酒店
门刚一关上,还没来得及通电。
孟北栀就被他摁在门背后,黑暗之中,两个人回荡着急促的喘息声,触觉变得极为敏感,透着隐约的月光看清对方的面庞。
徐远洲耐心十足地抚着她的眼眸,鼻尖,最后落在唇瓣,瞳孔深处满是缱绻情深。手循序渐进顺着她的脊背滑来到她的腰间游荡,酥酥麻麻的触感,一点点悄无声息地钻进她的每一处敏感的神经。
他温热的气息洒在侧颈,带着似有似无的痒。
潮湿,粘腻的触碰。
他低头埋在她白皙细嫩的脖颈处,舔舐吮吸,技巧十足地打着圈。
孟北栀唔的一声,眼神变得混沌迷离,气息不稳地攀着他的肩膀。心尖狂跳不止,靠的近,能清晰嗅到他身上的薄荷气息,干净清冽的感觉。
他灼热的躯体贴着她,触及到光裸的肌肤,她下意识脱口而出,“你好烫。”
“还有更烫的。”他埋在她锁骨处,低低喘息,抄起孟北栀的手,牵引着她,“你摸摸。”
他不慌不忙引导着她,掌心下,块状分明的腹肌,精瘦的公狗腰,每一寸肌肉都十分结实有力,散发着浓烈的荷尔蒙气息,“喜欢不喜欢?”

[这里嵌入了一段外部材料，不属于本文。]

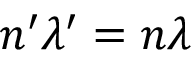Convert formula to latex. <formula><loc_0><loc_0><loc_500><loc_500>n ^ { \prime } \lambda ^ { \prime } = n \lambda</formula> 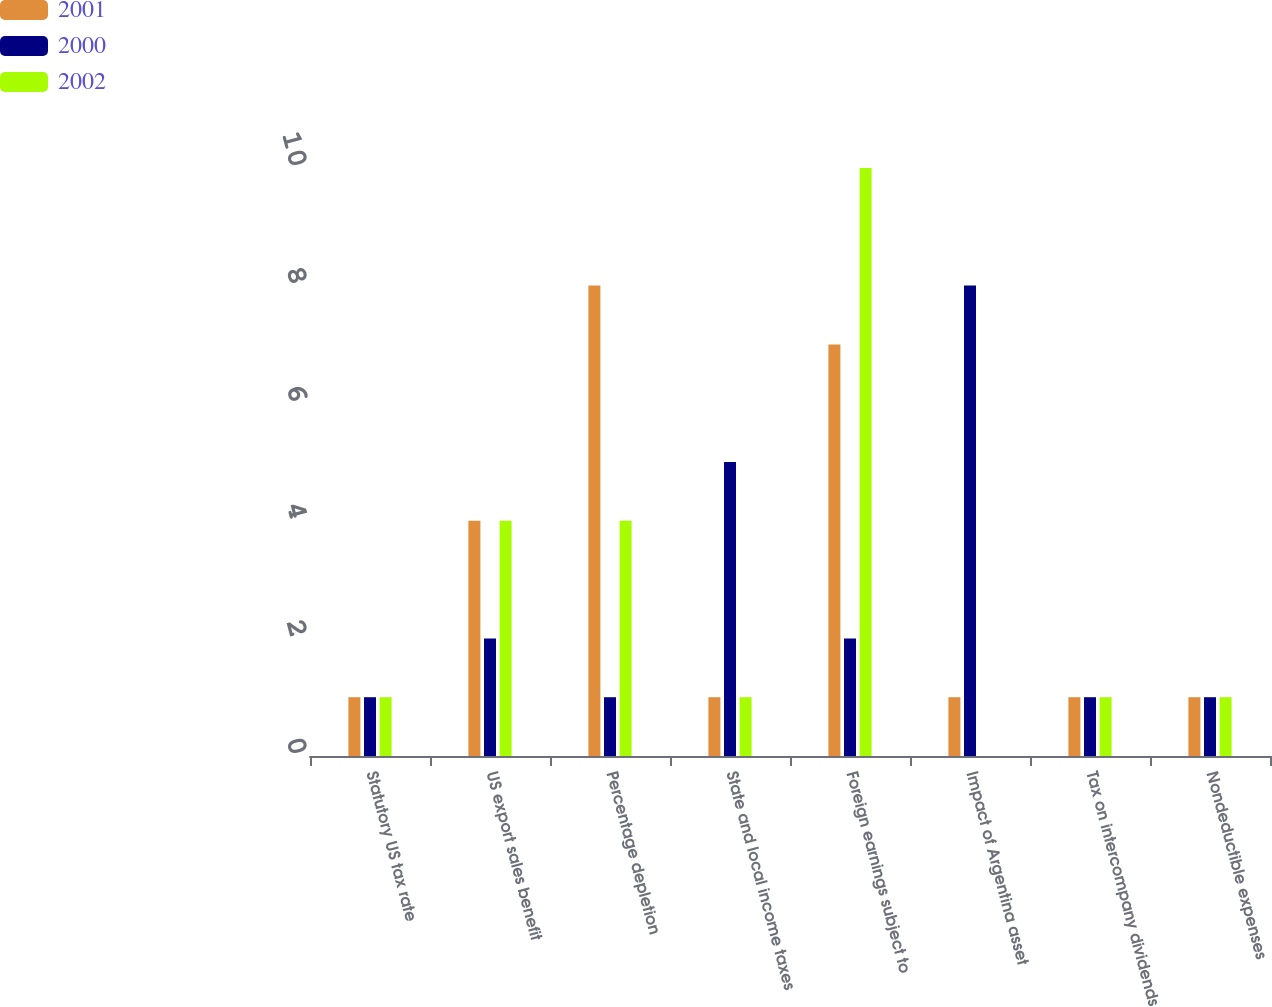Convert chart. <chart><loc_0><loc_0><loc_500><loc_500><stacked_bar_chart><ecel><fcel>Statutory US tax rate<fcel>US export sales benefit<fcel>Percentage depletion<fcel>State and local income taxes<fcel>Foreign earnings subject to<fcel>Impact of Argentina asset<fcel>Tax on intercompany dividends<fcel>Nondeductible expenses<nl><fcel>2001<fcel>1<fcel>4<fcel>8<fcel>1<fcel>7<fcel>1<fcel>1<fcel>1<nl><fcel>2000<fcel>1<fcel>2<fcel>1<fcel>5<fcel>2<fcel>8<fcel>1<fcel>1<nl><fcel>2002<fcel>1<fcel>4<fcel>4<fcel>1<fcel>10<fcel>0<fcel>1<fcel>1<nl></chart> 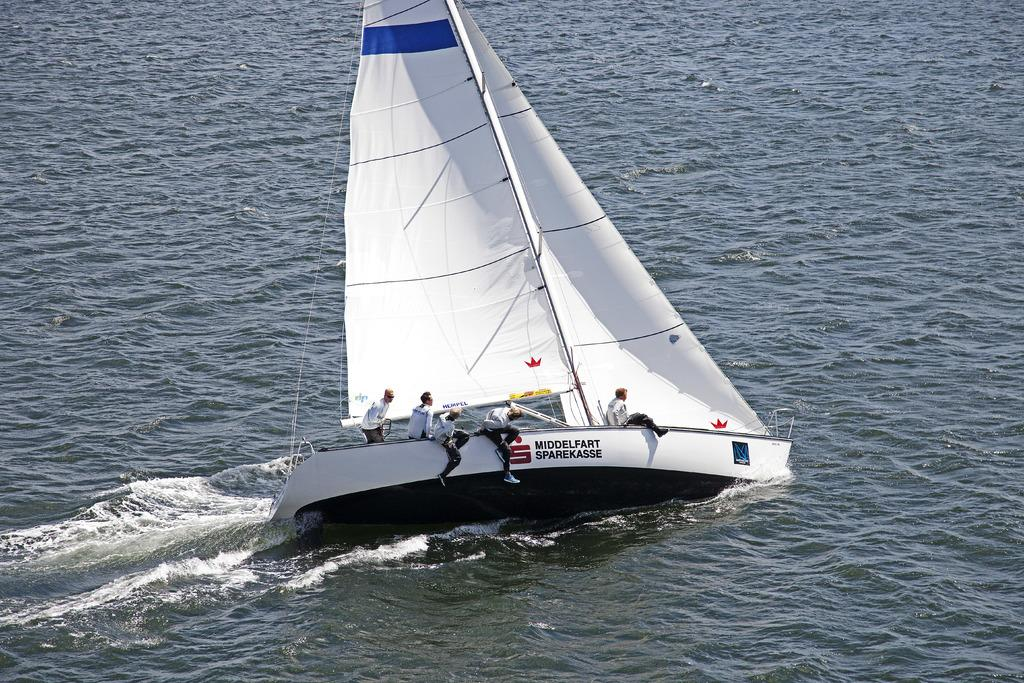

耳边他低沉的声音,含着颗粒感的沙哑,撩拨得她耳尖泛着羞人的粉意,“流氓。”
她掌心像是被烫到一般,下意识缩了一下,连带她的身子都跟着轻微颤抖。
突如其来的福利,有点受不住。
徐远洲唇角微勾,满意她这副羞怯的样子,理了一下她耳边的碎发,“答非所问,喜不喜欢?”
“你别……别……唔……”她破碎的声音,断断续续地响起。
徐远洲亲吻着她,磨着她,非要得出一个答复,“喜欢不喜欢?”
孟北栀眼眶沁出浅浅水汽,呜呜咽咽,“过分。”
“小可怜。”她这副被欺负惨的模样,看得他眼热,喉结滑动一下,“你回答哥哥。”
“喜欢。”孟北栀脸颊烧红一片,娇娇回应一声,“……坏人。”
“栀栀,我要继续做白天没做完的事情了。”他眼底不加掩饰沉沉欲色,得到满意的答案,也不继续折磨她,一把把人抱起。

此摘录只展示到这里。